In certain embodiments, an assembly for improved scanning electron microscope analysis of semiconductor devices includes a structure and a coating on at least part of the surface of the structure. The structure includes a first layer and a second layer, the second layer shrinking substantially when the structure is examined with a scanning electron microscope having a beam energy of at least 1.5 KeV. The coating includes Iridium and is of sufficient thickness to reduce shrinkage of the second layer to approximately a predetermined amount when the structure is examined with a scanning electron microscope having a beam energy of at least 1.5 KeV.

In particular embodiments, a method for improved scanning electron microscope analysis of semiconductor devices includes providing a structure including a first layer and a second layer, the second layer shrinking substantially when the structure is examined with a scanning electron microscope having a beam energy of at least 1.5 KeV. The method also includes coating at least part of the surface of the structure with a material including Iridium, wherein the coating is of sufficient thickness to reduce shrinkage of the second layer to approximately a predetermined amount when the structure is examined with a scanning electron microscope having a beam energy of at least 1.5 KeV.

The present invention possesses several technical features. For example, because the coating may prevent at least one layer of the structure from shrinking substantially when the structure is being examined by a scanning electron microscope, measurements of the layers of the structure may be made with increased accuracy. This allows increased semiconductor manufacturing efficiency, due to reduction of etching, thin film deposition, and cleaning problems because of inaccurate estimates and to better characterization of the etch rate itself and selectivity. Moreover, because materials that shrink substantially during scanning electron microscope analysis often have low dielectric constants, which reduces the overall capacitance of a transistor and, consequently, increases switching speed, improving the efficiency with which transistors including these materials may be manufactured may lead to faster, cheaper computers. As an additional example, the coating allows relatively small features of the structure to be observed, which assists in analyzing a semiconductor device.

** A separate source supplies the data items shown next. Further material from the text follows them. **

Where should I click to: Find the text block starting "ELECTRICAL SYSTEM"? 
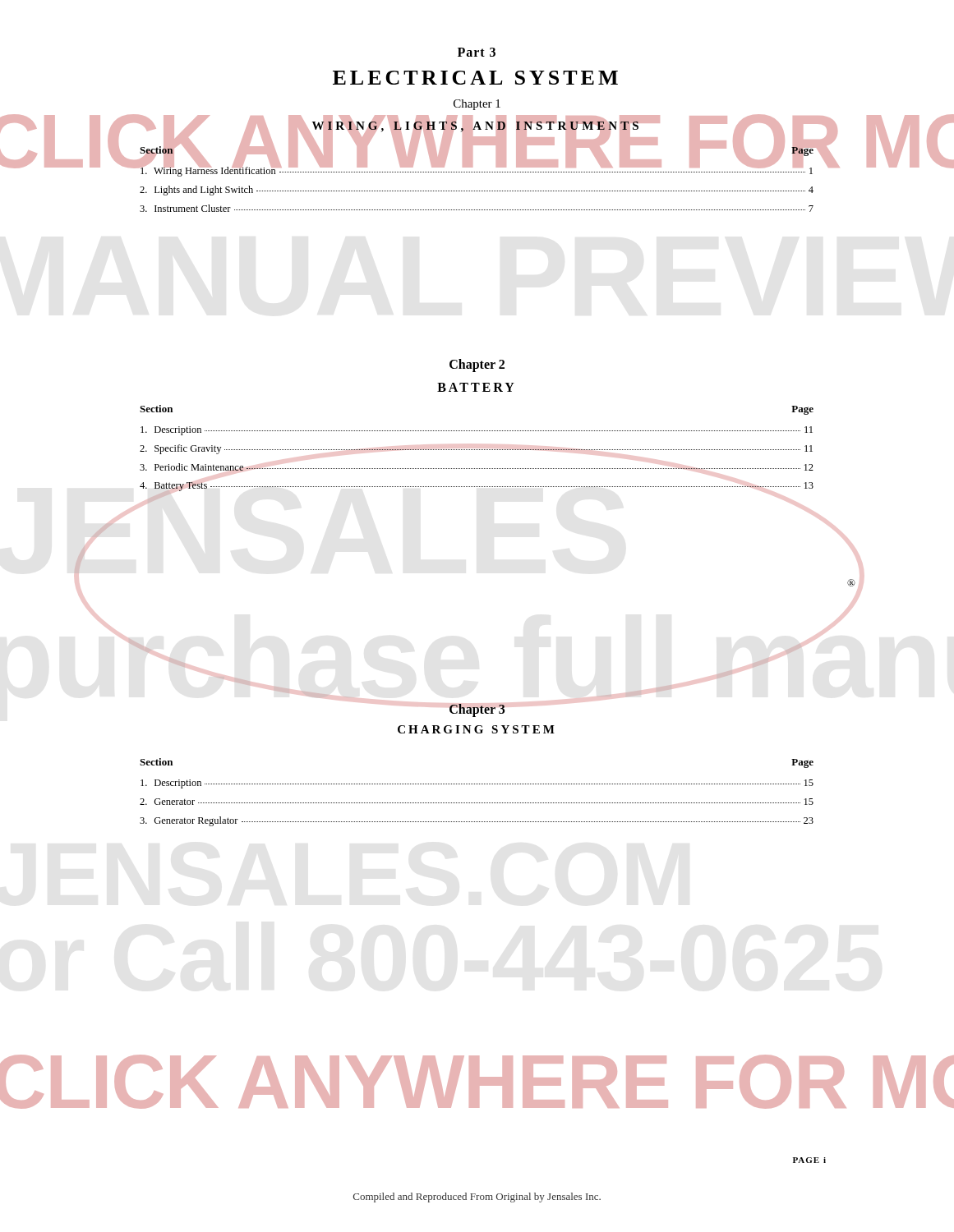coord(477,78)
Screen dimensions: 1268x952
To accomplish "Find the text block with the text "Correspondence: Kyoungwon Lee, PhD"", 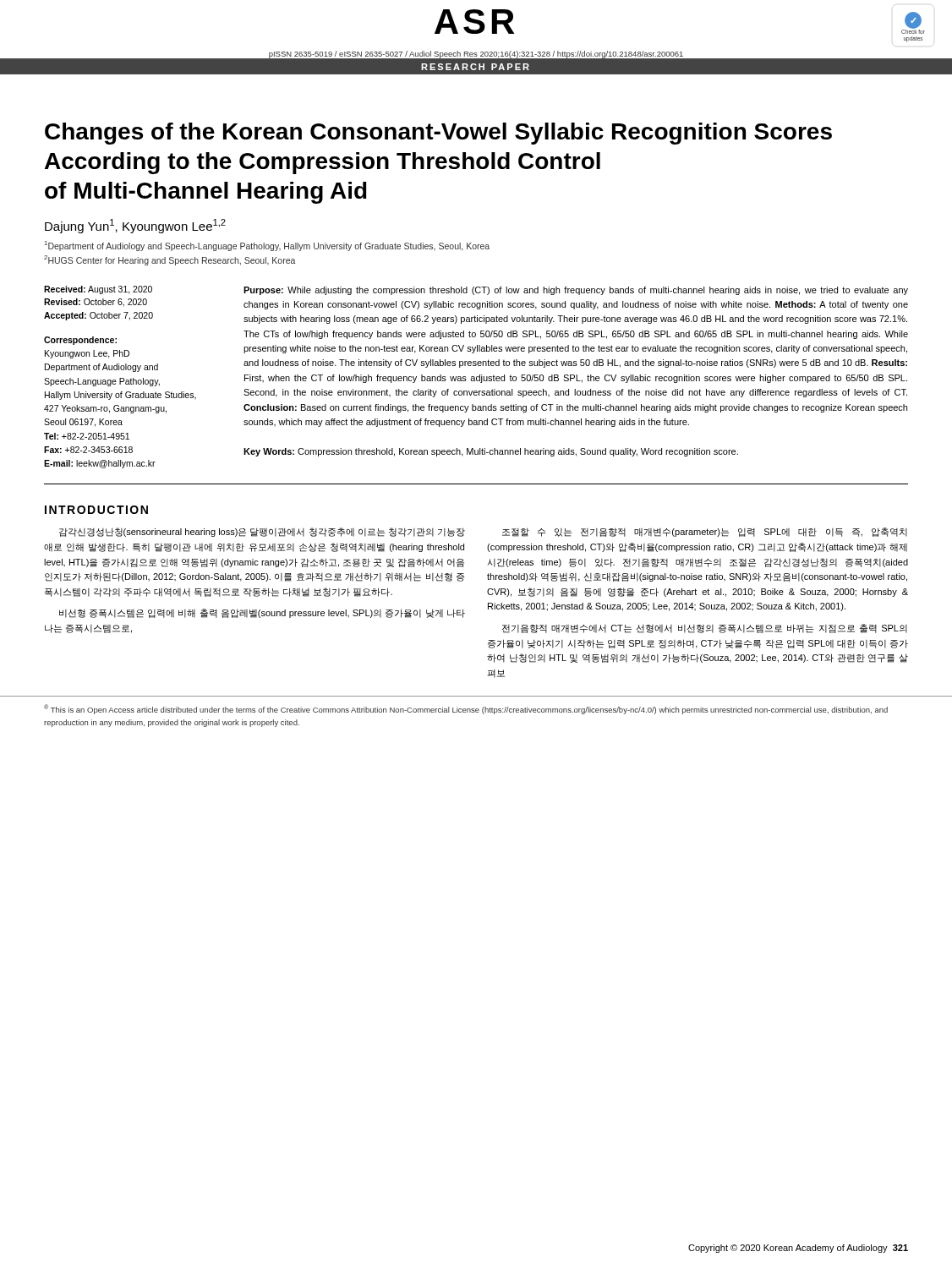I will [137, 402].
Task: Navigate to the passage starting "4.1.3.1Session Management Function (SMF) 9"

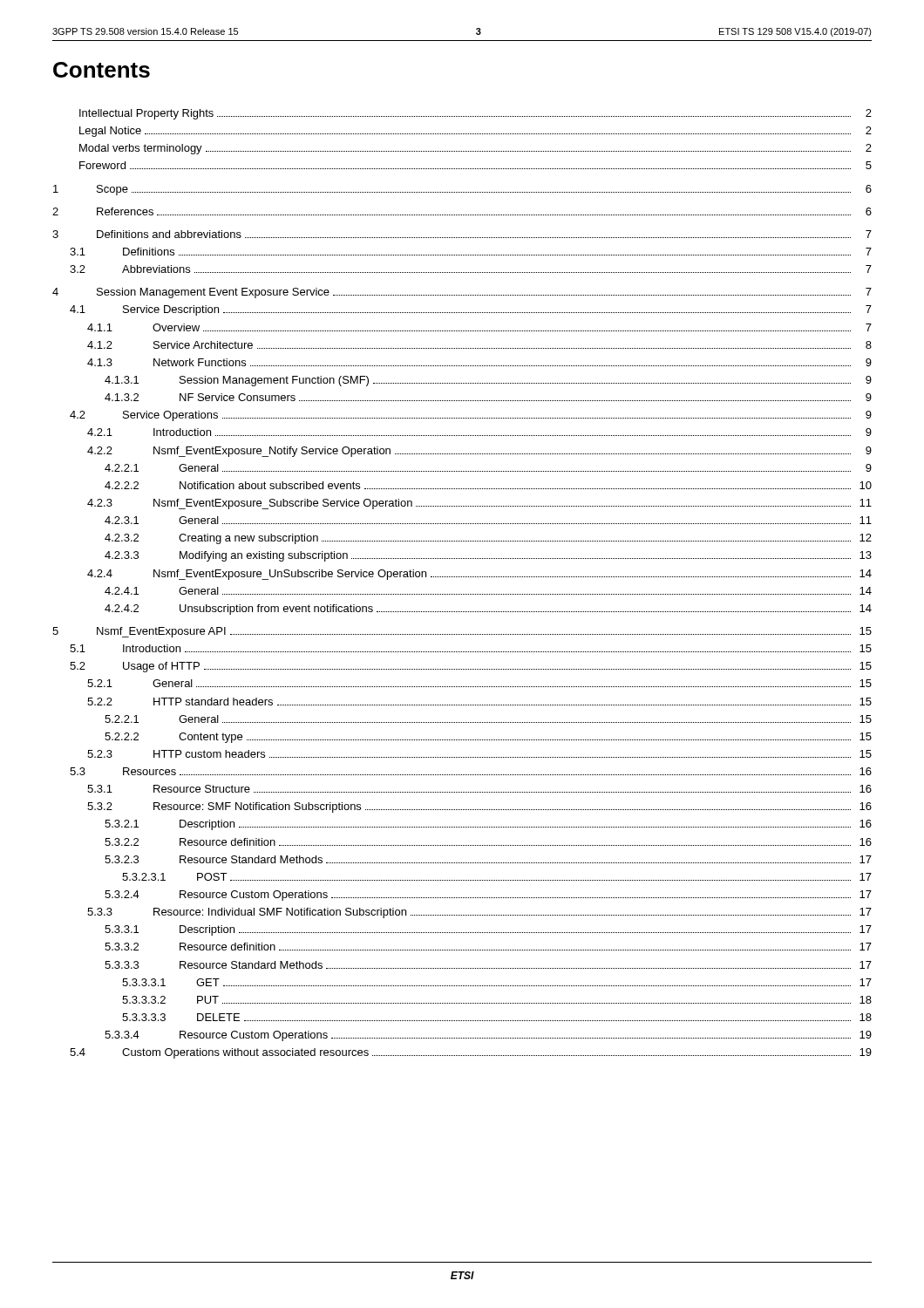Action: [462, 380]
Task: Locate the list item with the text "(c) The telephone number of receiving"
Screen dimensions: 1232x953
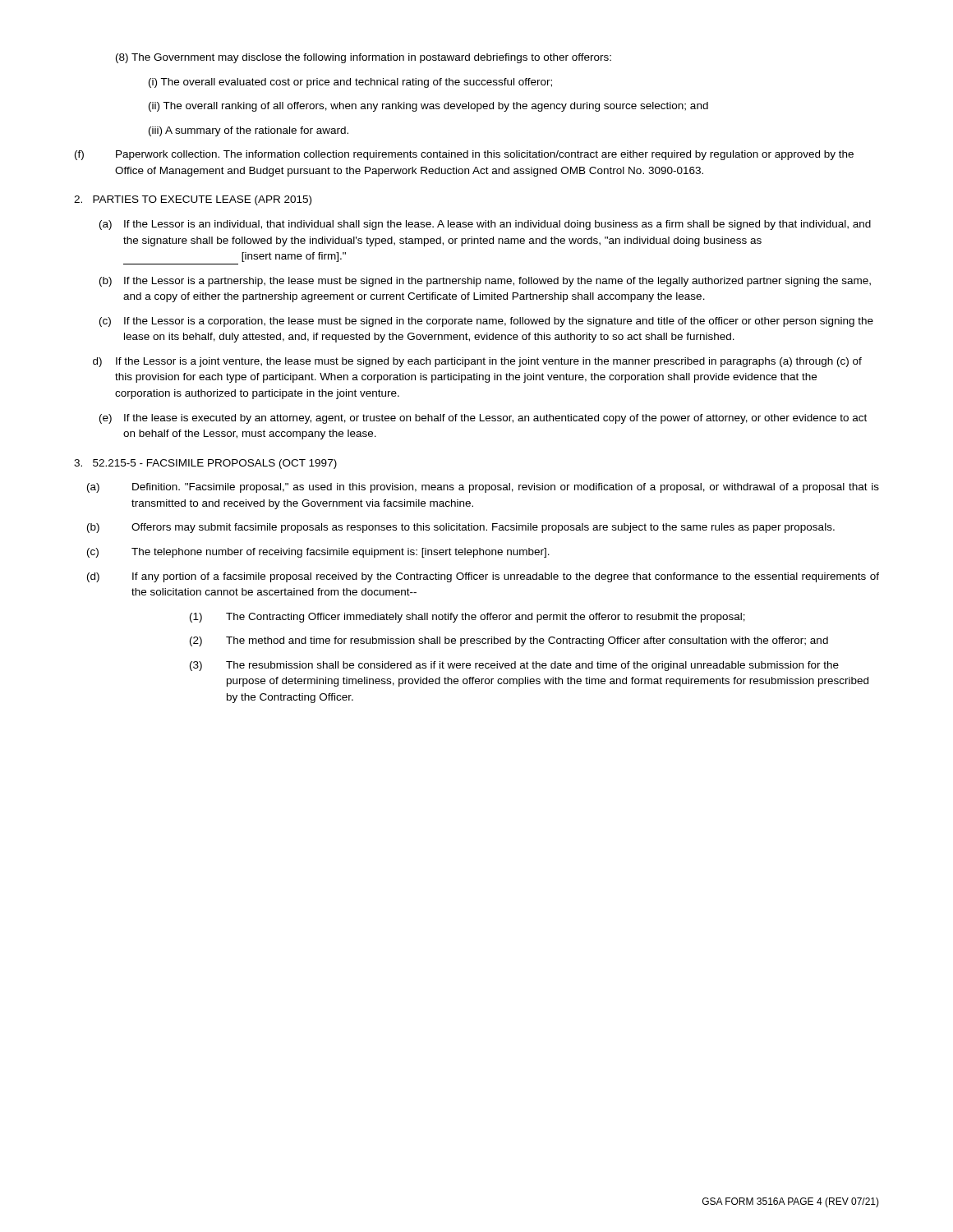Action: [476, 552]

Particular embodiments, of course, may possess one, some, or all of these technical features and/or additional technical features. Other technical features will be readily apparent to those skilled in the art from the following figures, detailed description, and/or claims.

BRIEF DESCRIPTION OF THE DRAWINGS

The drawings described below provide a more complete understanding of the present invention, especially when considered in conjunction with the following detailed description, and also of its technical features:

FIG. 1 illustrates an assembly for improved scanning electron microscope analysis of semiconductor devices in accordance with one embodiment of the present invention;

FIG. 2 is a flowchart illustrating a method for improved scanning electron microscope analysis of semiconductor devices in accordance with one embodiment of the present invention; and

FIG. 3 is a flowchart illustrating a method for improved scanning electron microscope analysis of semiconductor devices in accordance with another embodiment of the present invention.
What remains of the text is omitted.